Specifically, we can reach the author’s conclusion if we assume that to stay within this year’s budget, the museum must not renovate this year. (Contrapositive: If the museum renovates this year, it must not stay within this year’s budget.)

A
The museum will stay within this year’s budget.
This fails to show that this year’s budget affects next year’s. Because the premises don’t raise the subject of this year’s budget, staying within that budget has no effect on the argument. We still have no reason to think this year’s budget has any impact on next year’s.
B
This year’s budget is less than next year’s budget.
This compares the two budgets but fails to show that this year’s has any effect on next year’s. Because the premises don’t raise the subject of this year’s budget in any way, the relative value of that budget has no effect on the argument.
C
The museum will not renovate next year.
This fails to introduce this year’s budget to the argument. Even if we assume (C), the premises remain completely silent on the subject of this year’s budget. So we’re given no reason to think that this year’s budget has any effect on renovations or to next year’s budget.
D
The museum will exceed this year’s budget if it renovates this year.
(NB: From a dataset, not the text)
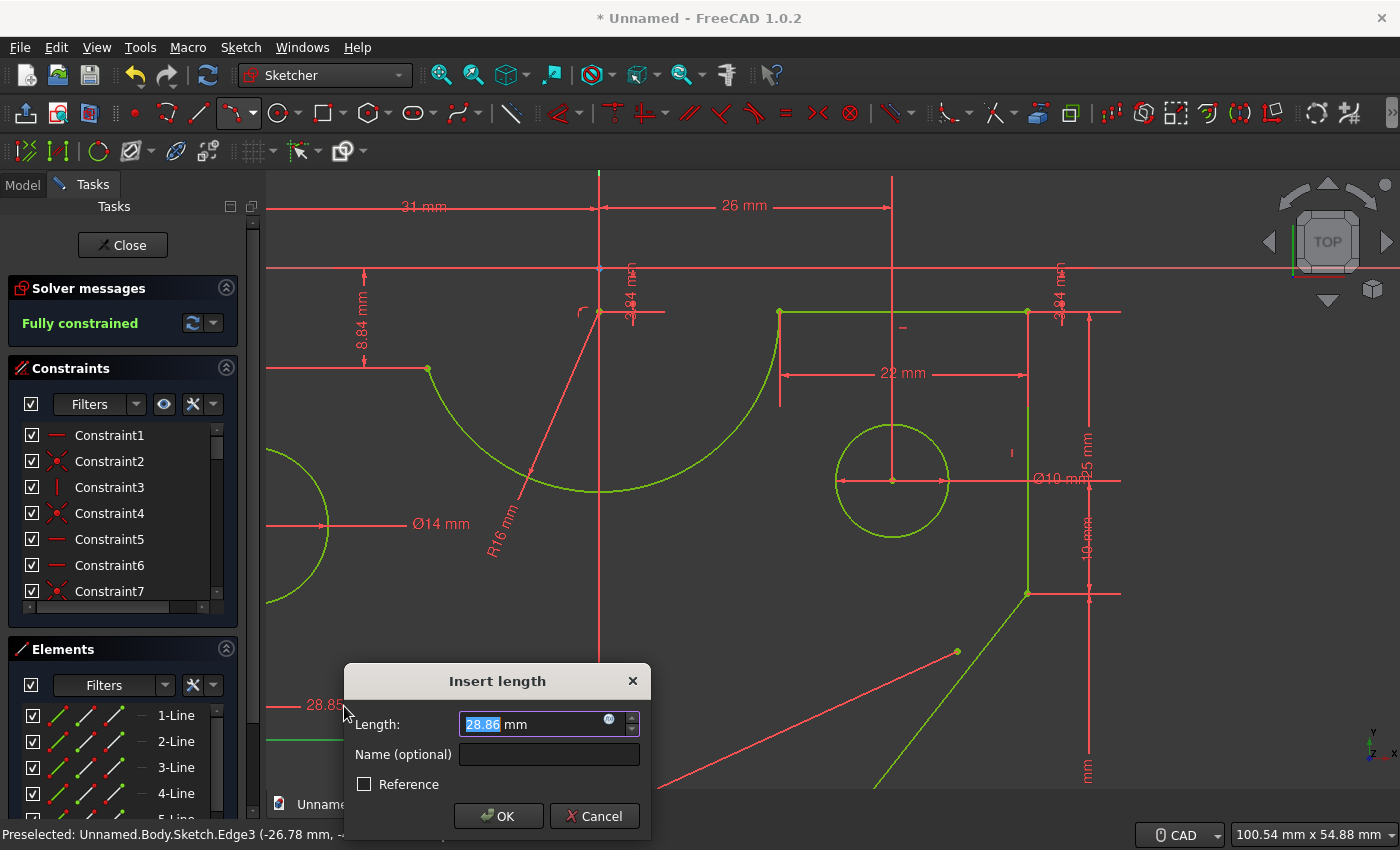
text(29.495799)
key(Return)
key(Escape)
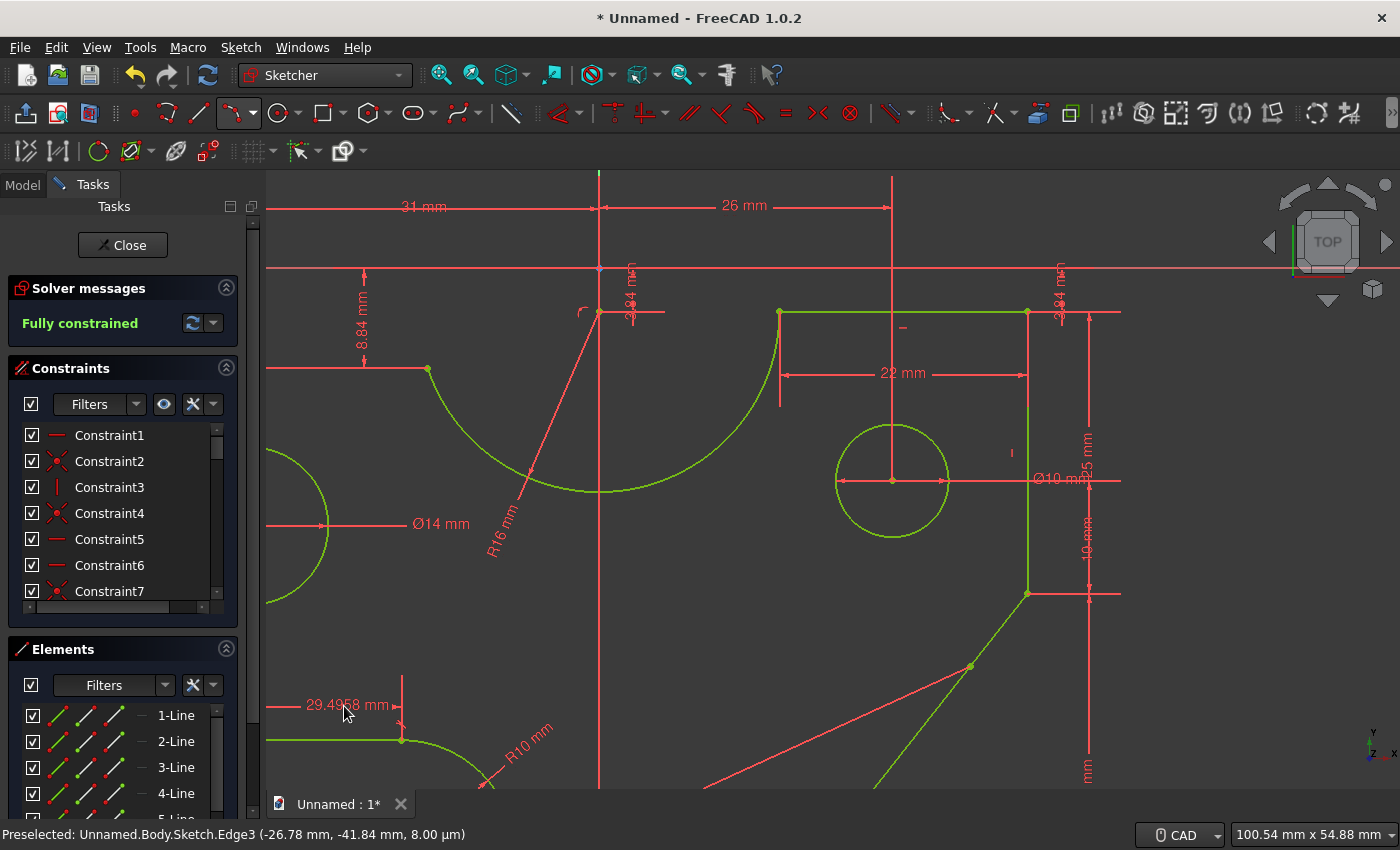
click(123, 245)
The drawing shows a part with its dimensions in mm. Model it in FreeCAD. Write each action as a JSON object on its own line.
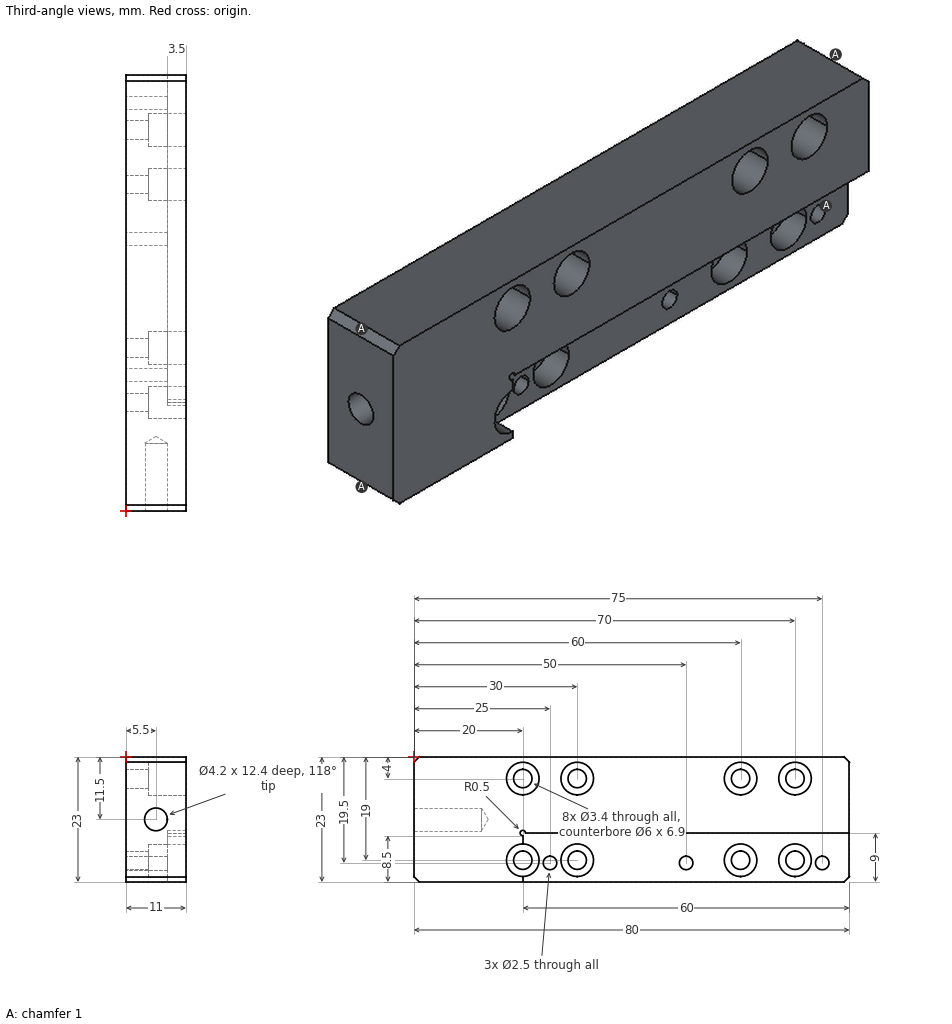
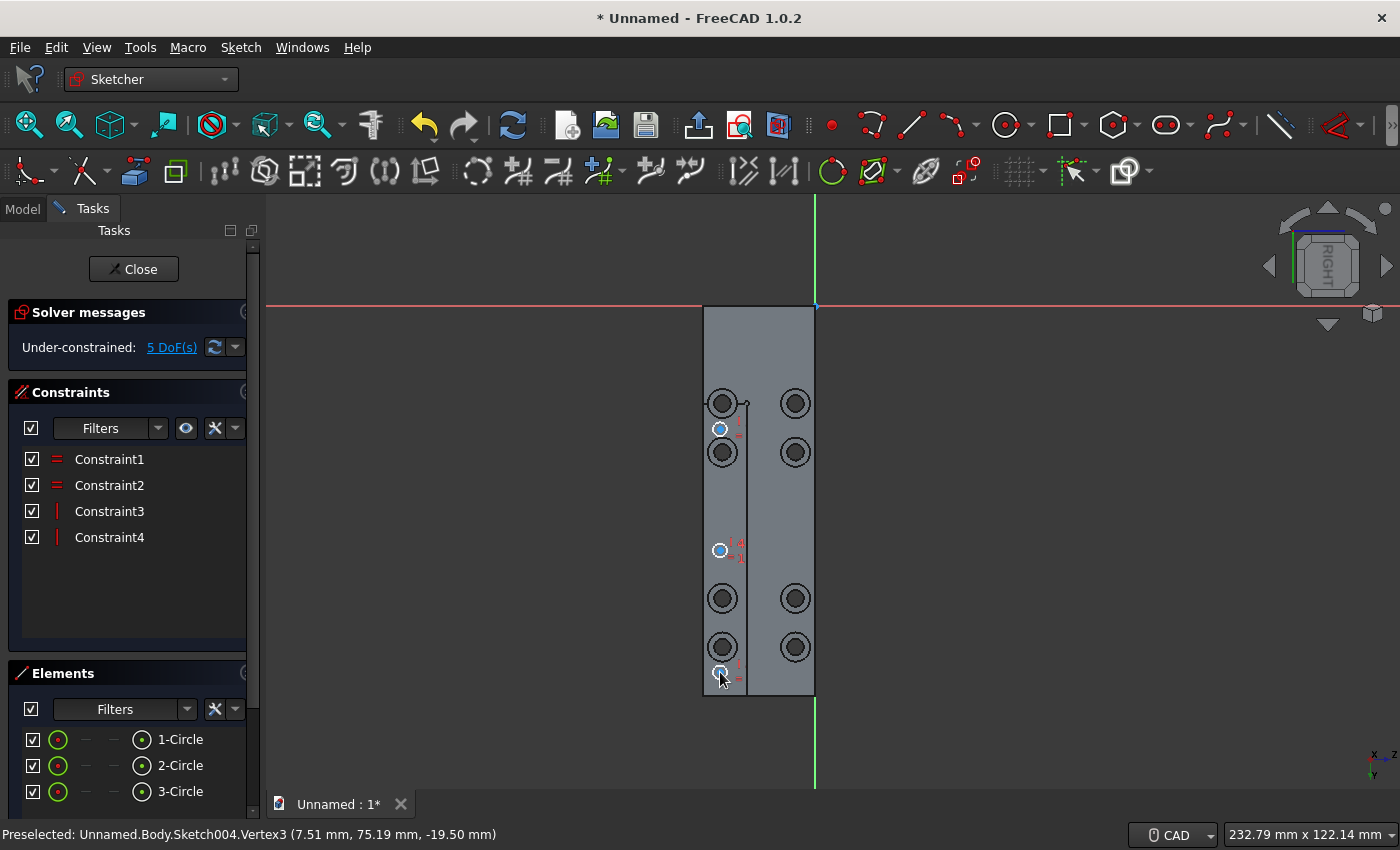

Contrapositive: if the museum doesn’t exceed this year’s budget (i.e., if it stays within budget), it must not renovate this year. And from the premises, if the museum doesn’t renovate this year, it must renovate next year, meaning it won’t stay within next year’s budget.
E
The museum will stay within this year’s budget if it does not renovate this year.
This gets the sufficient and necessary conditions reversed. To reach the conclusion, we want an assumption that makes staying within this year’s budget sufficient for exceeding next year’s. But according to (E), staying within this year’s budget isn’t sufficient for anything.